DIRECTIONS FOR THIS TASK
Check every line of the entries below for the word "size". Then give the number of lines that have it, with nothing added.

RECORDS PROVIDED
- - - - - - -

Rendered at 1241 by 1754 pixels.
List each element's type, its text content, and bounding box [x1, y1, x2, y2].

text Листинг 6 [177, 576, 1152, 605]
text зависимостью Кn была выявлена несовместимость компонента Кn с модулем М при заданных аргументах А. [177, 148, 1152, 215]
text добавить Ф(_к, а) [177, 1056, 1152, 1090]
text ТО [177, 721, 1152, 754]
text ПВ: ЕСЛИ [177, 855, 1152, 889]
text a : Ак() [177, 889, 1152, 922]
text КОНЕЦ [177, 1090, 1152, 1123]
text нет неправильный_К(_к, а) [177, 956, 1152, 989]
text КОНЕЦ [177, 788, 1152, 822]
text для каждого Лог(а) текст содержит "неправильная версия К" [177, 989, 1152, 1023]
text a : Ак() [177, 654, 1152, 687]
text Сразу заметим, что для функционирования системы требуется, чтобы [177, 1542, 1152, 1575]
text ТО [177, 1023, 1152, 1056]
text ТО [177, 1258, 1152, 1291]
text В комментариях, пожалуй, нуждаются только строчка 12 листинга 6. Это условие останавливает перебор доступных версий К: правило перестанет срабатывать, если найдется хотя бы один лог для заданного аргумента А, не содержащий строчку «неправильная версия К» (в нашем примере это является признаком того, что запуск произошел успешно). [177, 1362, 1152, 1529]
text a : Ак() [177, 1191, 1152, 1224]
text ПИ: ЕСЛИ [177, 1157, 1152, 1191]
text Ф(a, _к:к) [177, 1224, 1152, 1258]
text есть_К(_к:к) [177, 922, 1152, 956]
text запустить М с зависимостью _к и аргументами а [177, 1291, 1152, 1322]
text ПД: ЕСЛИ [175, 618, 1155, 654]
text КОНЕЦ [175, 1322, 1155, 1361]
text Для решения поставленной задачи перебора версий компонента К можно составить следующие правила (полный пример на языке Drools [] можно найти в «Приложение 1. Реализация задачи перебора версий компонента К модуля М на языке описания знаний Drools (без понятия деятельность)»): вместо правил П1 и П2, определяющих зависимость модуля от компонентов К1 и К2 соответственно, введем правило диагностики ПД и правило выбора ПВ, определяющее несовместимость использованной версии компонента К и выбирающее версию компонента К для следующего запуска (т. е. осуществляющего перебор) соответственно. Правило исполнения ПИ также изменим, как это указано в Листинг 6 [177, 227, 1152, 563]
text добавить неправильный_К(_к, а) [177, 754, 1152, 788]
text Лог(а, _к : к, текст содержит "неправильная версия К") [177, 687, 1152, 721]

- - - - - - -

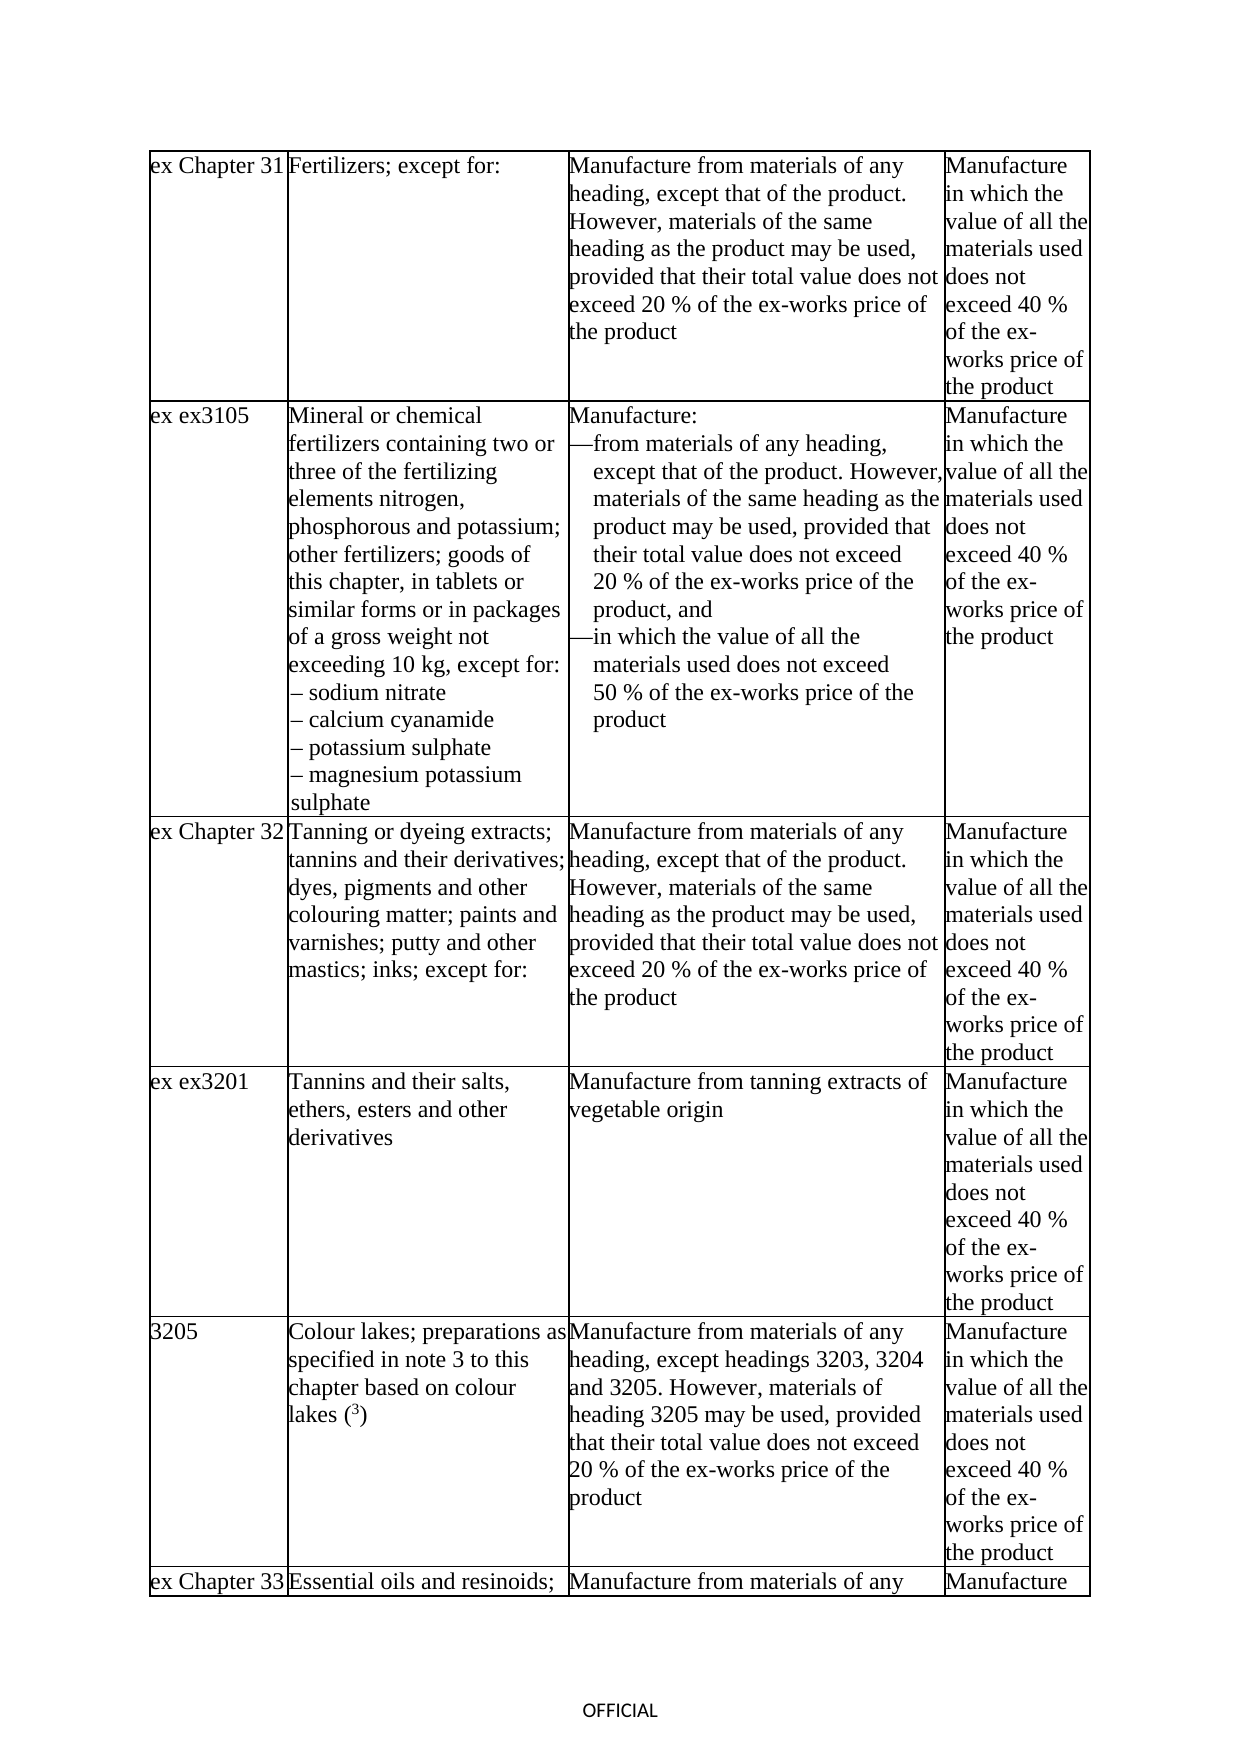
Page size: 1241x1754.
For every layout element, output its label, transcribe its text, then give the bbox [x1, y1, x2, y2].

- - - - - - -

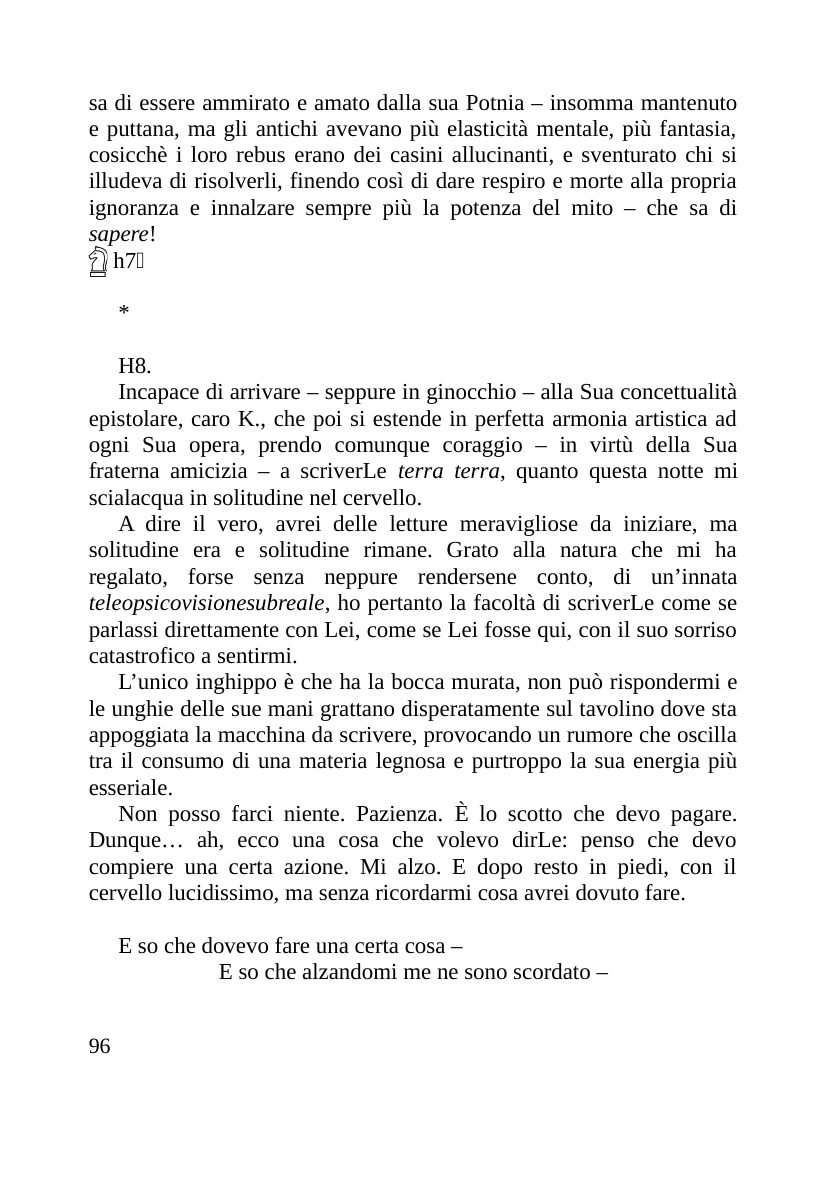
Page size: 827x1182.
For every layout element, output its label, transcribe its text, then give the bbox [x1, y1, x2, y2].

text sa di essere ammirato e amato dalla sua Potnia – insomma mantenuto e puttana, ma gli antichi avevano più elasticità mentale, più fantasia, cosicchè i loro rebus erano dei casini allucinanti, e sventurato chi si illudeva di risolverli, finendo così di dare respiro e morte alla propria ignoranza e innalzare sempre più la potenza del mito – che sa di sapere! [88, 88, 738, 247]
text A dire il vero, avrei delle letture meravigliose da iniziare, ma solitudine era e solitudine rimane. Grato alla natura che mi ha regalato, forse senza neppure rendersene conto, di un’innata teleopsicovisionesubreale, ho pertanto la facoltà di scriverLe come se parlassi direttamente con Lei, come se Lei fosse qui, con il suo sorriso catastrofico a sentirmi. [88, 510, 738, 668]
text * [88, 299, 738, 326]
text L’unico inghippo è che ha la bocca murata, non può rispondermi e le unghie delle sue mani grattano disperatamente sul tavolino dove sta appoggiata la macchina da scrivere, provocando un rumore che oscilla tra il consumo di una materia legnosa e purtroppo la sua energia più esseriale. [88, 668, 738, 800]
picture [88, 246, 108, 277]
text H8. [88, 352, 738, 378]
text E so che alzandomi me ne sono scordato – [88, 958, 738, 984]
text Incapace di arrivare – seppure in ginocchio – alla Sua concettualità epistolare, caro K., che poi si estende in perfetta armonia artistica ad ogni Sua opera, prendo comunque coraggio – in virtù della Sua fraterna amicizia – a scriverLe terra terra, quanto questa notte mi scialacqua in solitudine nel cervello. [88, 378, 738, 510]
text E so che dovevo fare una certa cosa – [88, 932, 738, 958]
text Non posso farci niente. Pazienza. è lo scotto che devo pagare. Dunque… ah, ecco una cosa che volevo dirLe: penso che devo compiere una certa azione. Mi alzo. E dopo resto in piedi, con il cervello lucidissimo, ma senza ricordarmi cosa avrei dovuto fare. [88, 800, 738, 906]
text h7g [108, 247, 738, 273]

- - - - - - -

RESULT
2